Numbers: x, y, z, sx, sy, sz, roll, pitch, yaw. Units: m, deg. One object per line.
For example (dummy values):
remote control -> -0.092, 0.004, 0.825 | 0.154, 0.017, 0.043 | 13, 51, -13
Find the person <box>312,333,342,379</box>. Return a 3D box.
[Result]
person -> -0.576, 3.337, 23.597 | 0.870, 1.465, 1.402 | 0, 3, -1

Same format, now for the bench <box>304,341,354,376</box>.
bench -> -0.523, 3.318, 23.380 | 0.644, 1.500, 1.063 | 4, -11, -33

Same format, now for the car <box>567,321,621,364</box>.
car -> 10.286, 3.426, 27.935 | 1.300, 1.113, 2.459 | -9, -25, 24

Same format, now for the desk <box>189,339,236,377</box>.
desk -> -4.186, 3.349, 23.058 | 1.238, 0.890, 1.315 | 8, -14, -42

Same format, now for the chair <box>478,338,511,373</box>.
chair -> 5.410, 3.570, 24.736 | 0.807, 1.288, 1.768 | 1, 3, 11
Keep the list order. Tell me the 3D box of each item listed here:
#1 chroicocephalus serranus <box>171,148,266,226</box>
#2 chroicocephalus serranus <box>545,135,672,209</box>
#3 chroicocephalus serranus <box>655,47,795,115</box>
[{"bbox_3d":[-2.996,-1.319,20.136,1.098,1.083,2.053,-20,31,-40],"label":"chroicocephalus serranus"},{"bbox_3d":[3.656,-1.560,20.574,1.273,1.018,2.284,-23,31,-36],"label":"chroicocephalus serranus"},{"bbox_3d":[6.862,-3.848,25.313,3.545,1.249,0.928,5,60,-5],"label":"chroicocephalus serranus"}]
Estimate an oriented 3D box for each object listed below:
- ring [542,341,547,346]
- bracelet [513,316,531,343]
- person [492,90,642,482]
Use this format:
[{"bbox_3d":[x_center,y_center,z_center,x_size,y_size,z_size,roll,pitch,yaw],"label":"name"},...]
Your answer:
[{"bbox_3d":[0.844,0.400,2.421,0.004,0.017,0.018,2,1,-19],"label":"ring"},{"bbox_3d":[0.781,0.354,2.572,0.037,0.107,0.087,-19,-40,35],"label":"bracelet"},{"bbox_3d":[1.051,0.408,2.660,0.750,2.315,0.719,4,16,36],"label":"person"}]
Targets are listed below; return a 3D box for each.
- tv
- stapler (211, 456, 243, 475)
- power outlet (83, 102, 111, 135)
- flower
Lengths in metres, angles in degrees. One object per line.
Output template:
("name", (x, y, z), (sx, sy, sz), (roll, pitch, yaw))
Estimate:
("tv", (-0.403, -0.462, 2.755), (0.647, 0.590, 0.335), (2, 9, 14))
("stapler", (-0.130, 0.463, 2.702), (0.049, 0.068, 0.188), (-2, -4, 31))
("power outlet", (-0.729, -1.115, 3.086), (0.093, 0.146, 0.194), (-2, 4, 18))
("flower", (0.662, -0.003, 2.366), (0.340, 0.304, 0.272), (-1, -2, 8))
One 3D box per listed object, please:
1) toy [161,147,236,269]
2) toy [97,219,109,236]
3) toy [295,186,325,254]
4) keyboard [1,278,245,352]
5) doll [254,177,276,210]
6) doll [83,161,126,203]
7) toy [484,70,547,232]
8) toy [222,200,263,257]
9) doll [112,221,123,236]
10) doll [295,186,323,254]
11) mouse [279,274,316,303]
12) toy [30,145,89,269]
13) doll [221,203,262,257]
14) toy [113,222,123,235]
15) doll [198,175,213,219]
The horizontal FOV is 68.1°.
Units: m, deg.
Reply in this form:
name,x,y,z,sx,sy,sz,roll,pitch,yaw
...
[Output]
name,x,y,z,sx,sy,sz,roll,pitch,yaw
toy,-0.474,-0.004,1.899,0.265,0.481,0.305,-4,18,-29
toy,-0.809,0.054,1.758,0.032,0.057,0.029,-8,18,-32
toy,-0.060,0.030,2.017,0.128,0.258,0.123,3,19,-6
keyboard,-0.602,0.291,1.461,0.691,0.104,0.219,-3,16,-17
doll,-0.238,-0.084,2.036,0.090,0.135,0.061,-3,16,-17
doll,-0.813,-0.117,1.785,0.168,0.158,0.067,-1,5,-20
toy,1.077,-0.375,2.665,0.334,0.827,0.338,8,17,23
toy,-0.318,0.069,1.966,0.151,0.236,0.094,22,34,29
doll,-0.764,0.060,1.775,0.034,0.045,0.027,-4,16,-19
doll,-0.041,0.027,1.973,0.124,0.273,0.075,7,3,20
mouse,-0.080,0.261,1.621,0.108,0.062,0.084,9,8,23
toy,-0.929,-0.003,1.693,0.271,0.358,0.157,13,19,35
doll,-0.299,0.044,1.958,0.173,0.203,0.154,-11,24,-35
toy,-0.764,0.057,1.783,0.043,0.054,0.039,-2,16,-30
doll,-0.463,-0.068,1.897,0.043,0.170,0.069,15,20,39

--*--

PROBLEM DETAILS ->
Type out again, exactly as written, the lines from the beginning of the material through the one containing "#2 chroicocephalus serranus".

REPLY ->
Numbers: x, y, z, sx, sy, sz, roll, pitch, yaw. Units: m, deg. One object per line.
For example (dummy values):
remote control -> -0.092, 0.004, 0.825 | 0.154, 0.017, 0.043 | 13, 51, -13
Find the person <box>312,333,342,379</box>. Return a 3D box.
[Result]
person -> -0.576, 3.337, 23.597 | 0.870, 1.465, 1.402 | 0, 3, -1

Same format, now for the bench <box>304,341,354,376</box>.
bench -> -0.523, 3.318, 23.380 | 0.644, 1.500, 1.063 | 4, -11, -33

Same format, now for the car <box>567,321,621,364</box>.
car -> 10.286, 3.426, 27.935 | 1.300, 1.113, 2.459 | -9, -25, 24

Same format, now for the desk <box>189,339,236,377</box>.
desk -> -4.186, 3.349, 23.058 | 1.238, 0.890, 1.315 | 8, -14, -42

Same format, now for the chair <box>478,338,511,373</box>.
chair -> 5.410, 3.570, 24.736 | 0.807, 1.288, 1.768 | 1, 3, 11
Keep the list order. Tell me the 3D box of each item listed here:
#1 chroicocephalus serranus <box>171,148,266,226</box>
#2 chroicocephalus serranus <box>545,135,672,209</box>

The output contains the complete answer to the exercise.